A demo agent and a production agent are different animals. Here is how to scope your first Agentforce agent so it survives contact with real users, real data, and real edge cases.


Most first Agentforce agents work beautifully in the demo and quietly die three weeks later. Not because the technology failed. Because the demo answered the easy 80% of questions, and production is made entirely of the other 20%. I watched this pattern enough times building Agentforce as a PM at Salesforce that I can now predict, in the first scoping call, which agents will stall. This is a guide to building the kind that doesn't.

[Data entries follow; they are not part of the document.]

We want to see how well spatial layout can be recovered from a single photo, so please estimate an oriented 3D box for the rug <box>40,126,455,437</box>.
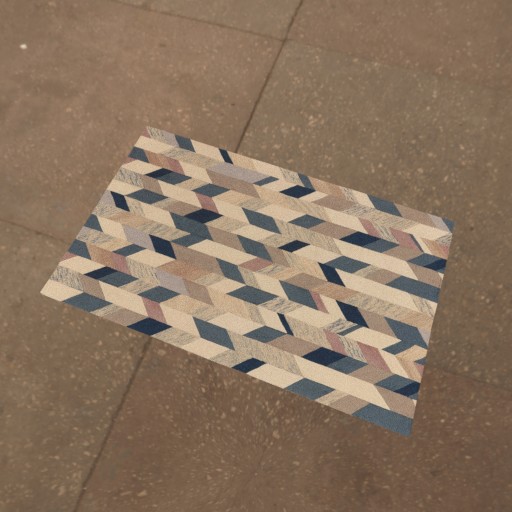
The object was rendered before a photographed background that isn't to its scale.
[{"bbox_3d":[0.000,0.000,2.990,2.423,0.008,1.513,19,65,9],"label":"rug"}]
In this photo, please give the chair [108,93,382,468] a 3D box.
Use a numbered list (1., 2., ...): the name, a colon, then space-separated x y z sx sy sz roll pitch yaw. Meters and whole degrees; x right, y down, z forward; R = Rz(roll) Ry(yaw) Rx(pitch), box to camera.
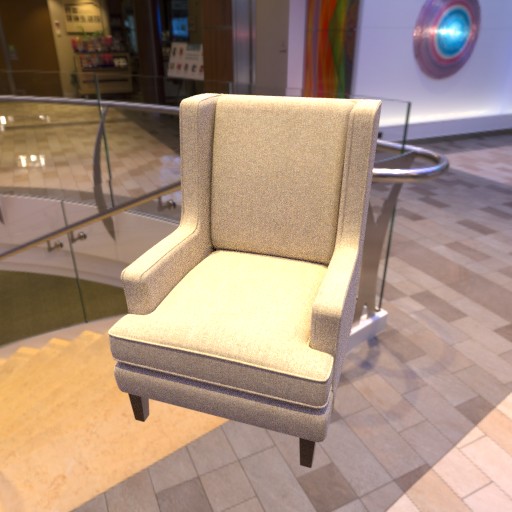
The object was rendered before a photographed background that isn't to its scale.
1. chair: 0.000 0.000 1.711 0.764 1.082 0.948 8 27 16

The demo agent and the production agent are not the same agent

A demo agent has one job: prove the concept to people who already want to believe it. It handles the three questions you fed it, on clean data, in front of a friendly audience. A production agent has the opposite job. It faces every question a confused, annoyed, or adversarial user can throw at it, on data that is stale, duplicated, or missing, with no one in the room to smooth over a bad answer.

The gap between these two is where projects go to die. The demo earns the budget. Then someone says "great, ship it to the whole team," and the agent meets reality. Your real work isn't building the demo. It's closing the gap between the demo and the messy 20%. Plan for that gap from day one or you'll rebuild from scratch after the honeymoon ends.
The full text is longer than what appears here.